START Provided entries
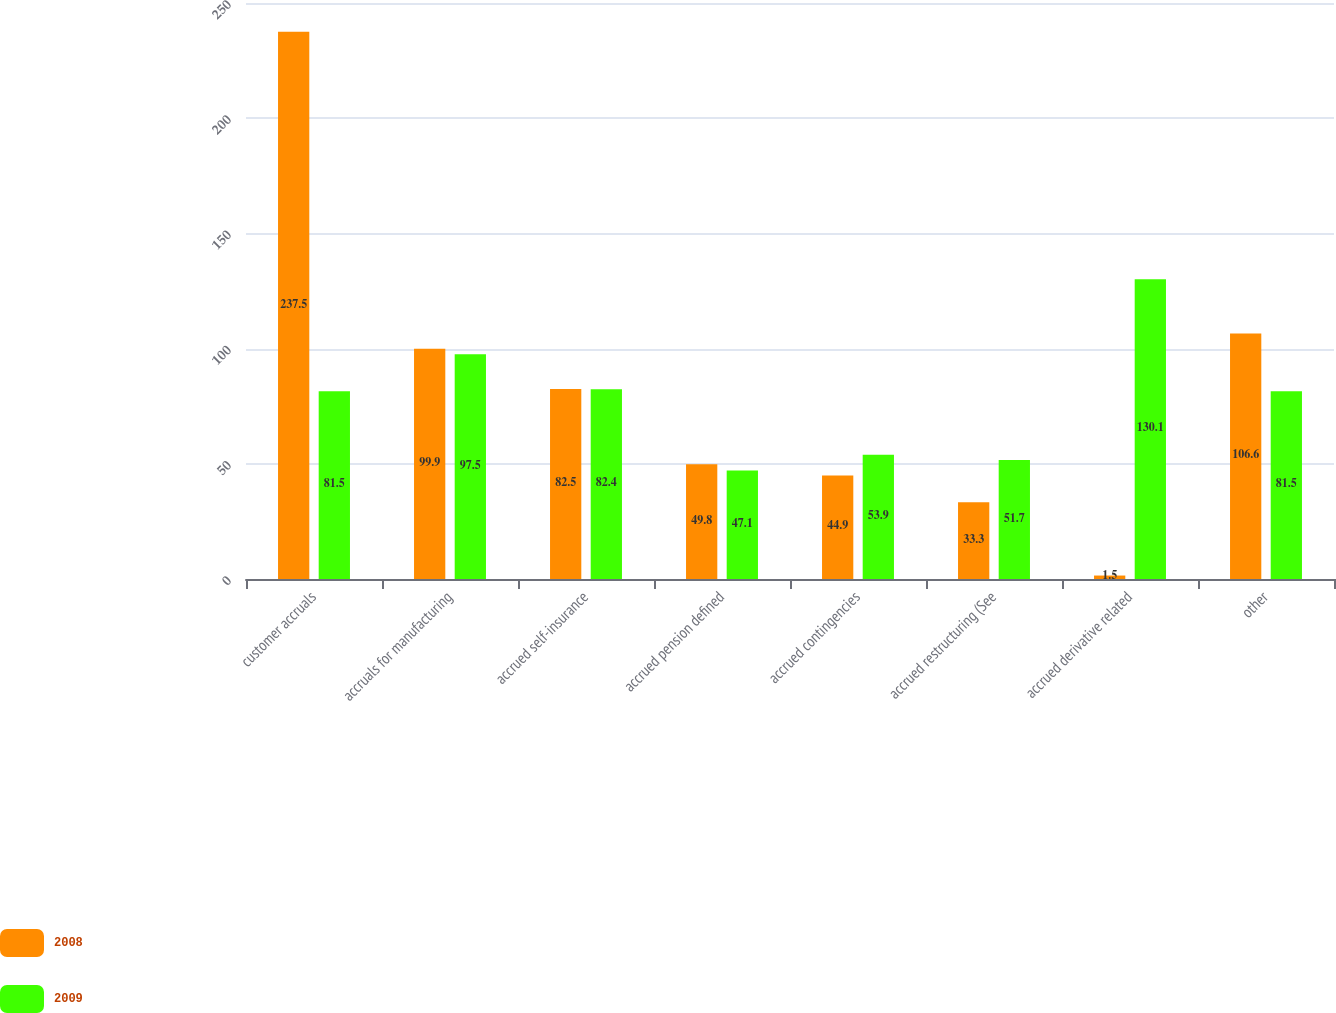Convert chart. <chart><loc_0><loc_0><loc_500><loc_500><stacked_bar_chart><ecel><fcel>customer accruals<fcel>accruals for manufacturing<fcel>accrued self-insurance<fcel>accrued pension defined<fcel>accrued contingencies<fcel>accrued restructuring (See<fcel>accrued derivative related<fcel>other<nl><fcel>2008<fcel>237.5<fcel>99.9<fcel>82.5<fcel>49.8<fcel>44.9<fcel>33.3<fcel>1.5<fcel>106.6<nl><fcel>2009<fcel>81.5<fcel>97.5<fcel>82.4<fcel>47.1<fcel>53.9<fcel>51.7<fcel>130.1<fcel>81.5<nl></chart> 
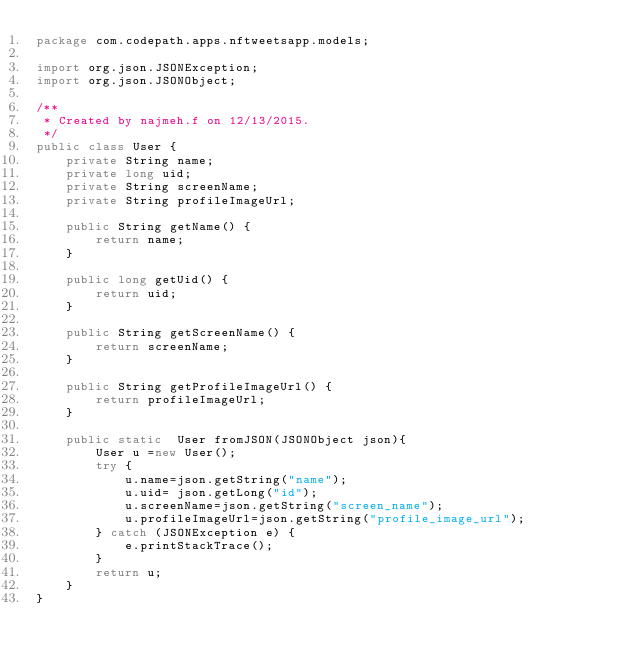Convert code to text. <code><loc_0><loc_0><loc_500><loc_500><_Java_>package com.codepath.apps.nftweetsapp.models;

import org.json.JSONException;
import org.json.JSONObject;

/**
 * Created by najmeh.f on 12/13/2015.
 */
public class User {
    private String name;
    private long uid;
    private String screenName;
    private String profileImageUrl;

    public String getName() {
        return name;
    }

    public long getUid() {
        return uid;
    }

    public String getScreenName() {
        return screenName;
    }

    public String getProfileImageUrl() {
        return profileImageUrl;
    }

    public static  User fromJSON(JSONObject json){
        User u =new User();
        try {
            u.name=json.getString("name");
            u.uid= json.getLong("id");
            u.screenName=json.getString("screen_name");
            u.profileImageUrl=json.getString("profile_image_url");
        } catch (JSONException e) {
            e.printStackTrace();
        }
        return u;
    }
}
</code> 
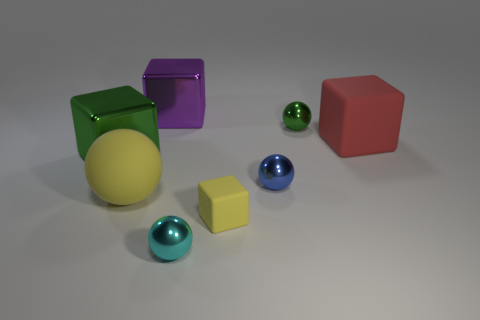What material is the yellow ball that is the same size as the red block?
Your answer should be very brief. Rubber. Is there a tiny cyan object made of the same material as the small yellow cube?
Your answer should be very brief. No. There is a large purple metallic object; does it have the same shape as the shiny thing left of the purple object?
Provide a succinct answer. Yes. How many things are to the right of the big purple cube and in front of the red object?
Your answer should be compact. 3. Are the green ball and the large object in front of the green cube made of the same material?
Your answer should be very brief. No. Are there an equal number of metal cubes that are to the right of the cyan metallic ball and metallic balls?
Provide a succinct answer. No. There is a large thing on the right side of the cyan shiny object; what color is it?
Make the answer very short. Red. What number of other things are the same color as the small matte thing?
Provide a short and direct response. 1. Does the metal block that is behind the green cube have the same size as the small blue metallic thing?
Your answer should be very brief. No. There is a yellow thing to the right of the large purple shiny block; what is its material?
Ensure brevity in your answer.  Rubber. 
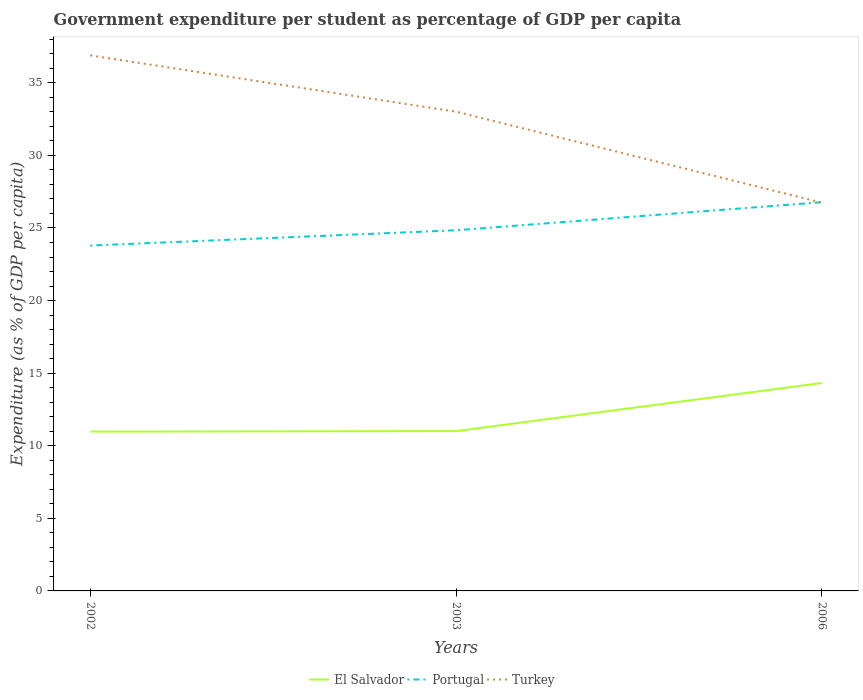How many different coloured lines are there?
Your answer should be compact. 3. Is the number of lines equal to the number of legend labels?
Provide a succinct answer. Yes. Across all years, what is the maximum percentage of expenditure per student in El Salvador?
Ensure brevity in your answer.  10.97. In which year was the percentage of expenditure per student in Portugal maximum?
Make the answer very short. 2002. What is the total percentage of expenditure per student in Portugal in the graph?
Ensure brevity in your answer.  -2.99. What is the difference between the highest and the second highest percentage of expenditure per student in Portugal?
Keep it short and to the point. 2.99. What is the difference between the highest and the lowest percentage of expenditure per student in Turkey?
Provide a succinct answer. 2. Is the percentage of expenditure per student in El Salvador strictly greater than the percentage of expenditure per student in Portugal over the years?
Offer a very short reply. Yes. How many lines are there?
Keep it short and to the point. 3. How many years are there in the graph?
Ensure brevity in your answer.  3. What is the difference between two consecutive major ticks on the Y-axis?
Ensure brevity in your answer.  5. Are the values on the major ticks of Y-axis written in scientific E-notation?
Your answer should be very brief. No. Does the graph contain any zero values?
Provide a short and direct response. No. Does the graph contain grids?
Provide a succinct answer. No. Where does the legend appear in the graph?
Give a very brief answer. Bottom center. What is the title of the graph?
Make the answer very short. Government expenditure per student as percentage of GDP per capita. Does "Solomon Islands" appear as one of the legend labels in the graph?
Your answer should be compact. No. What is the label or title of the Y-axis?
Your answer should be very brief. Expenditure (as % of GDP per capita). What is the Expenditure (as % of GDP per capita) in El Salvador in 2002?
Your answer should be very brief. 10.97. What is the Expenditure (as % of GDP per capita) in Portugal in 2002?
Provide a short and direct response. 23.79. What is the Expenditure (as % of GDP per capita) in Turkey in 2002?
Keep it short and to the point. 36.89. What is the Expenditure (as % of GDP per capita) in El Salvador in 2003?
Provide a short and direct response. 11.01. What is the Expenditure (as % of GDP per capita) of Portugal in 2003?
Provide a succinct answer. 24.84. What is the Expenditure (as % of GDP per capita) in Turkey in 2003?
Keep it short and to the point. 33.01. What is the Expenditure (as % of GDP per capita) in El Salvador in 2006?
Provide a short and direct response. 14.32. What is the Expenditure (as % of GDP per capita) of Portugal in 2006?
Your answer should be very brief. 26.78. What is the Expenditure (as % of GDP per capita) of Turkey in 2006?
Give a very brief answer. 26.74. Across all years, what is the maximum Expenditure (as % of GDP per capita) in El Salvador?
Your answer should be compact. 14.32. Across all years, what is the maximum Expenditure (as % of GDP per capita) of Portugal?
Offer a terse response. 26.78. Across all years, what is the maximum Expenditure (as % of GDP per capita) of Turkey?
Offer a very short reply. 36.89. Across all years, what is the minimum Expenditure (as % of GDP per capita) in El Salvador?
Give a very brief answer. 10.97. Across all years, what is the minimum Expenditure (as % of GDP per capita) of Portugal?
Offer a very short reply. 23.79. Across all years, what is the minimum Expenditure (as % of GDP per capita) of Turkey?
Give a very brief answer. 26.74. What is the total Expenditure (as % of GDP per capita) of El Salvador in the graph?
Keep it short and to the point. 36.3. What is the total Expenditure (as % of GDP per capita) of Portugal in the graph?
Offer a very short reply. 75.41. What is the total Expenditure (as % of GDP per capita) in Turkey in the graph?
Give a very brief answer. 96.64. What is the difference between the Expenditure (as % of GDP per capita) in El Salvador in 2002 and that in 2003?
Give a very brief answer. -0.04. What is the difference between the Expenditure (as % of GDP per capita) in Portugal in 2002 and that in 2003?
Offer a very short reply. -1.05. What is the difference between the Expenditure (as % of GDP per capita) of Turkey in 2002 and that in 2003?
Provide a short and direct response. 3.88. What is the difference between the Expenditure (as % of GDP per capita) in El Salvador in 2002 and that in 2006?
Provide a short and direct response. -3.35. What is the difference between the Expenditure (as % of GDP per capita) in Portugal in 2002 and that in 2006?
Offer a very short reply. -2.99. What is the difference between the Expenditure (as % of GDP per capita) in Turkey in 2002 and that in 2006?
Keep it short and to the point. 10.14. What is the difference between the Expenditure (as % of GDP per capita) in El Salvador in 2003 and that in 2006?
Your response must be concise. -3.31. What is the difference between the Expenditure (as % of GDP per capita) of Portugal in 2003 and that in 2006?
Your response must be concise. -1.93. What is the difference between the Expenditure (as % of GDP per capita) of Turkey in 2003 and that in 2006?
Make the answer very short. 6.27. What is the difference between the Expenditure (as % of GDP per capita) in El Salvador in 2002 and the Expenditure (as % of GDP per capita) in Portugal in 2003?
Your answer should be very brief. -13.87. What is the difference between the Expenditure (as % of GDP per capita) of El Salvador in 2002 and the Expenditure (as % of GDP per capita) of Turkey in 2003?
Make the answer very short. -22.04. What is the difference between the Expenditure (as % of GDP per capita) in Portugal in 2002 and the Expenditure (as % of GDP per capita) in Turkey in 2003?
Make the answer very short. -9.22. What is the difference between the Expenditure (as % of GDP per capita) in El Salvador in 2002 and the Expenditure (as % of GDP per capita) in Portugal in 2006?
Your response must be concise. -15.8. What is the difference between the Expenditure (as % of GDP per capita) of El Salvador in 2002 and the Expenditure (as % of GDP per capita) of Turkey in 2006?
Your answer should be very brief. -15.77. What is the difference between the Expenditure (as % of GDP per capita) in Portugal in 2002 and the Expenditure (as % of GDP per capita) in Turkey in 2006?
Provide a succinct answer. -2.95. What is the difference between the Expenditure (as % of GDP per capita) in El Salvador in 2003 and the Expenditure (as % of GDP per capita) in Portugal in 2006?
Give a very brief answer. -15.77. What is the difference between the Expenditure (as % of GDP per capita) of El Salvador in 2003 and the Expenditure (as % of GDP per capita) of Turkey in 2006?
Your answer should be compact. -15.73. What is the difference between the Expenditure (as % of GDP per capita) in Portugal in 2003 and the Expenditure (as % of GDP per capita) in Turkey in 2006?
Give a very brief answer. -1.9. What is the average Expenditure (as % of GDP per capita) of El Salvador per year?
Offer a very short reply. 12.1. What is the average Expenditure (as % of GDP per capita) in Portugal per year?
Your answer should be compact. 25.14. What is the average Expenditure (as % of GDP per capita) in Turkey per year?
Your answer should be very brief. 32.21. In the year 2002, what is the difference between the Expenditure (as % of GDP per capita) in El Salvador and Expenditure (as % of GDP per capita) in Portugal?
Your answer should be compact. -12.82. In the year 2002, what is the difference between the Expenditure (as % of GDP per capita) of El Salvador and Expenditure (as % of GDP per capita) of Turkey?
Your response must be concise. -25.91. In the year 2002, what is the difference between the Expenditure (as % of GDP per capita) in Portugal and Expenditure (as % of GDP per capita) in Turkey?
Your answer should be compact. -13.1. In the year 2003, what is the difference between the Expenditure (as % of GDP per capita) in El Salvador and Expenditure (as % of GDP per capita) in Portugal?
Offer a terse response. -13.83. In the year 2003, what is the difference between the Expenditure (as % of GDP per capita) of El Salvador and Expenditure (as % of GDP per capita) of Turkey?
Provide a short and direct response. -22. In the year 2003, what is the difference between the Expenditure (as % of GDP per capita) in Portugal and Expenditure (as % of GDP per capita) in Turkey?
Give a very brief answer. -8.17. In the year 2006, what is the difference between the Expenditure (as % of GDP per capita) of El Salvador and Expenditure (as % of GDP per capita) of Portugal?
Offer a very short reply. -12.45. In the year 2006, what is the difference between the Expenditure (as % of GDP per capita) of El Salvador and Expenditure (as % of GDP per capita) of Turkey?
Keep it short and to the point. -12.42. In the year 2006, what is the difference between the Expenditure (as % of GDP per capita) in Portugal and Expenditure (as % of GDP per capita) in Turkey?
Offer a very short reply. 0.03. What is the ratio of the Expenditure (as % of GDP per capita) in El Salvador in 2002 to that in 2003?
Your answer should be compact. 1. What is the ratio of the Expenditure (as % of GDP per capita) of Portugal in 2002 to that in 2003?
Provide a succinct answer. 0.96. What is the ratio of the Expenditure (as % of GDP per capita) of Turkey in 2002 to that in 2003?
Your answer should be very brief. 1.12. What is the ratio of the Expenditure (as % of GDP per capita) in El Salvador in 2002 to that in 2006?
Ensure brevity in your answer.  0.77. What is the ratio of the Expenditure (as % of GDP per capita) of Portugal in 2002 to that in 2006?
Give a very brief answer. 0.89. What is the ratio of the Expenditure (as % of GDP per capita) of Turkey in 2002 to that in 2006?
Give a very brief answer. 1.38. What is the ratio of the Expenditure (as % of GDP per capita) of El Salvador in 2003 to that in 2006?
Provide a short and direct response. 0.77. What is the ratio of the Expenditure (as % of GDP per capita) of Portugal in 2003 to that in 2006?
Ensure brevity in your answer.  0.93. What is the ratio of the Expenditure (as % of GDP per capita) of Turkey in 2003 to that in 2006?
Your answer should be compact. 1.23. What is the difference between the highest and the second highest Expenditure (as % of GDP per capita) in El Salvador?
Your response must be concise. 3.31. What is the difference between the highest and the second highest Expenditure (as % of GDP per capita) in Portugal?
Your response must be concise. 1.93. What is the difference between the highest and the second highest Expenditure (as % of GDP per capita) in Turkey?
Keep it short and to the point. 3.88. What is the difference between the highest and the lowest Expenditure (as % of GDP per capita) in El Salvador?
Make the answer very short. 3.35. What is the difference between the highest and the lowest Expenditure (as % of GDP per capita) of Portugal?
Ensure brevity in your answer.  2.99. What is the difference between the highest and the lowest Expenditure (as % of GDP per capita) of Turkey?
Keep it short and to the point. 10.14. 
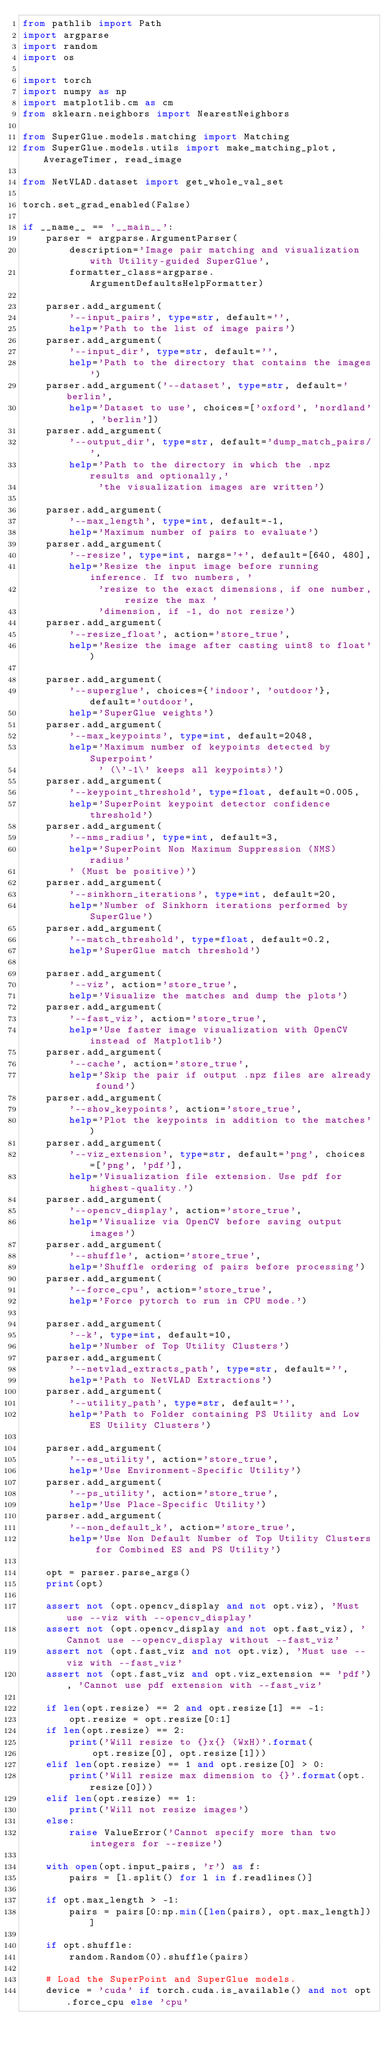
END Provided entries
Exercise prompt:
Please copy the lines above from the line with "Your answer should be very brief. Expenditure" up to and including the line with "Provide a short and direct response. 23.79.", exactly as written and with nothing else.

Response to the task:
Your answer should be very brief. Expenditure (as % of GDP per capita). What is the Expenditure (as % of GDP per capita) in El Salvador in 2002?
Your answer should be very brief. 10.97. What is the Expenditure (as % of GDP per capita) in Portugal in 2002?
Provide a short and direct response. 23.79. What is the Expenditure (as % of GDP per capita) in Turkey in 2002?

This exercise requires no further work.